The full mental model — which cap operates at which layer, how they interact, and what happens on a hit — lives in How the caps fit together. The empty-response and no-case backstops above are additional run-halting outcomes beyond the four caps.
Pre-tool veto¶
The pre_tool hook runs before every tool call and can block the call outright. Currently blocked patterns include:
git push --force/git push -fgit reset --hardgit clean -f(and force variants —-fd,-fdx, etc.)sudo(including chained, e.g.... && sudo ...)curl ... | sh/wget ... | shand friends- fork bombs
A blocked call surfaces as a tool-error feedback message to the agent on the next iteration. The agent learns "that doesn't work here" and chooses a different approach.
Diagram suggestion — flow showing tool call → pre_tool hook → either "executes" or "blocked, feedback fed to next iteration." Annotate the silent-on-pass / verbose-on-fail contract.
Worktree isolation¶
Every run creates a per-session git worktree on a session/<id> branch in your repo's git database. The working tree itself lives under Tilth's sessions/<id>/workspace/ — see Session layout for the split. The file tools (read_file / write_file / edit_file) refuse paths that escape the worktree (tools/files.py:_resolve). The bash tool is not path-sandboxed, so treat the worktree boundary as a guard on the file tools, not on shell access — a determined cd .. reaches harness state (see the network/shell note below, and Agent visibility on the honest scope of the boundary).
The branch is never auto-merged.

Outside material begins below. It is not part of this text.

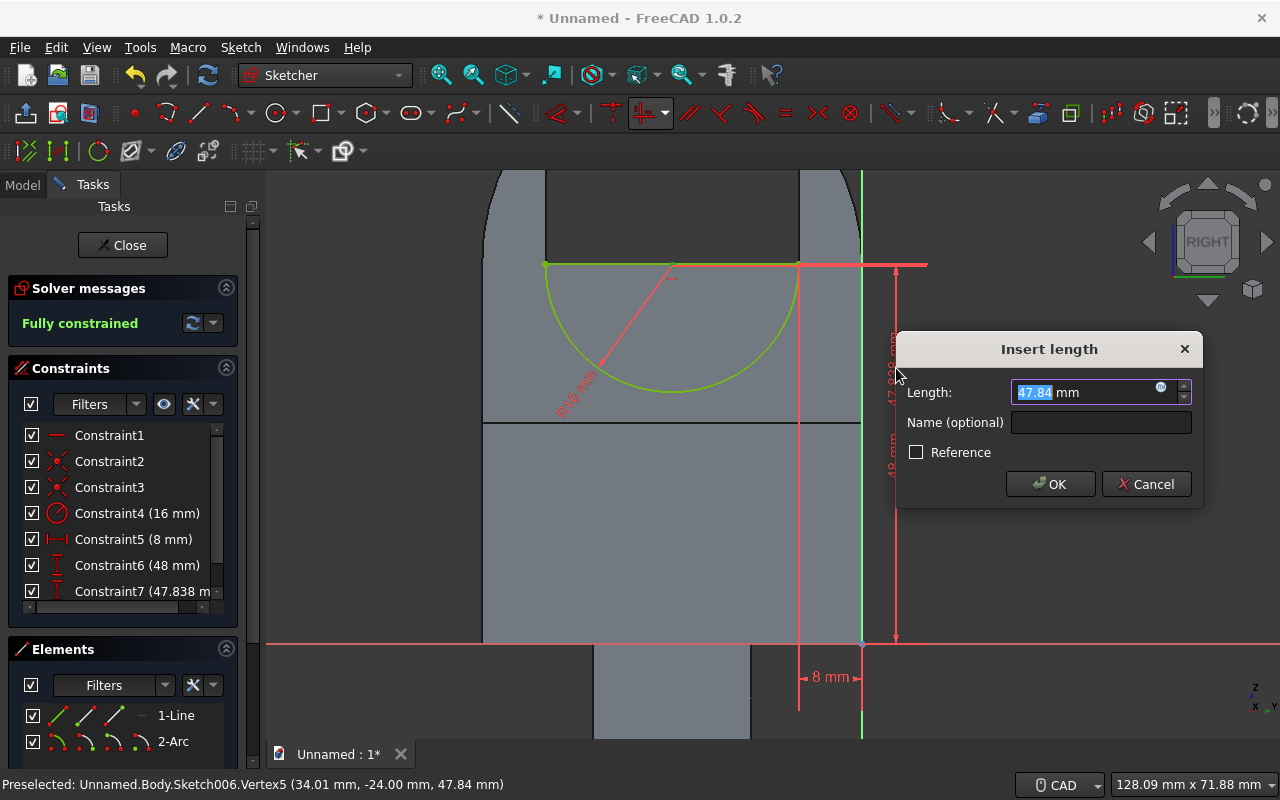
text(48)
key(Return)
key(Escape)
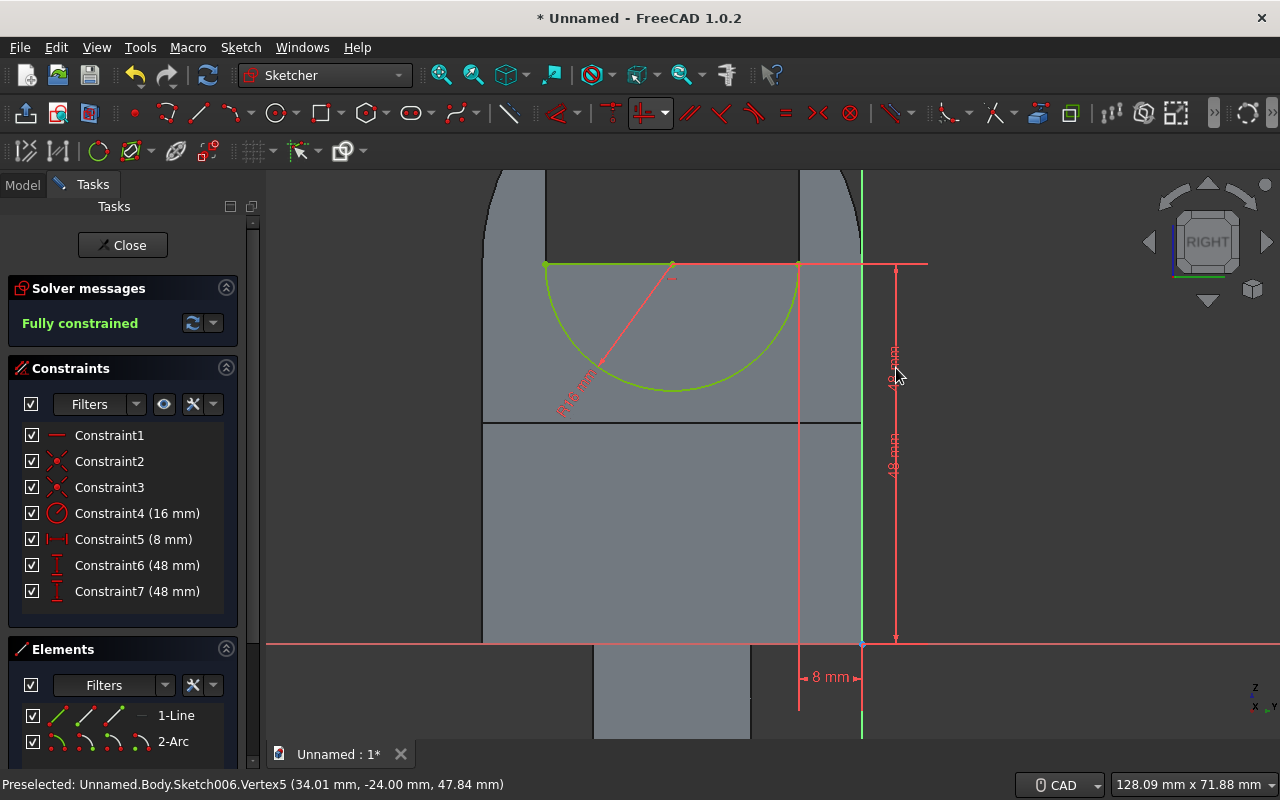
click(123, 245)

Open a PR and review like any other branch.
What's not a guard¶
A few honest gaps to be upfront about:
- No dollar-cost cap. The token cap is provider-agnostic, but does not translate to dollars. See Token recording → What this does not do.
- No headroom warning. Caps are binary — under, run; at, stop. No "you're at 80%" alert.
- No mid-task token cut-off. Token enforcement is between tasks. A single runaway task can overshoot by up to
MAX_ITERATIONS_PER_TASK × tokens_per_call. The trade-off is intentional; see Token recording → Enforcement. - No allow-listed network egress. Tools are intentionally narrow (no web fetch, no MCP, no curl-based downloads), so the network surface area is whatever the hard-coded shell guard misses. Treat the harness as having shell access and don't run it on machines you wouldn't run a foreign script on.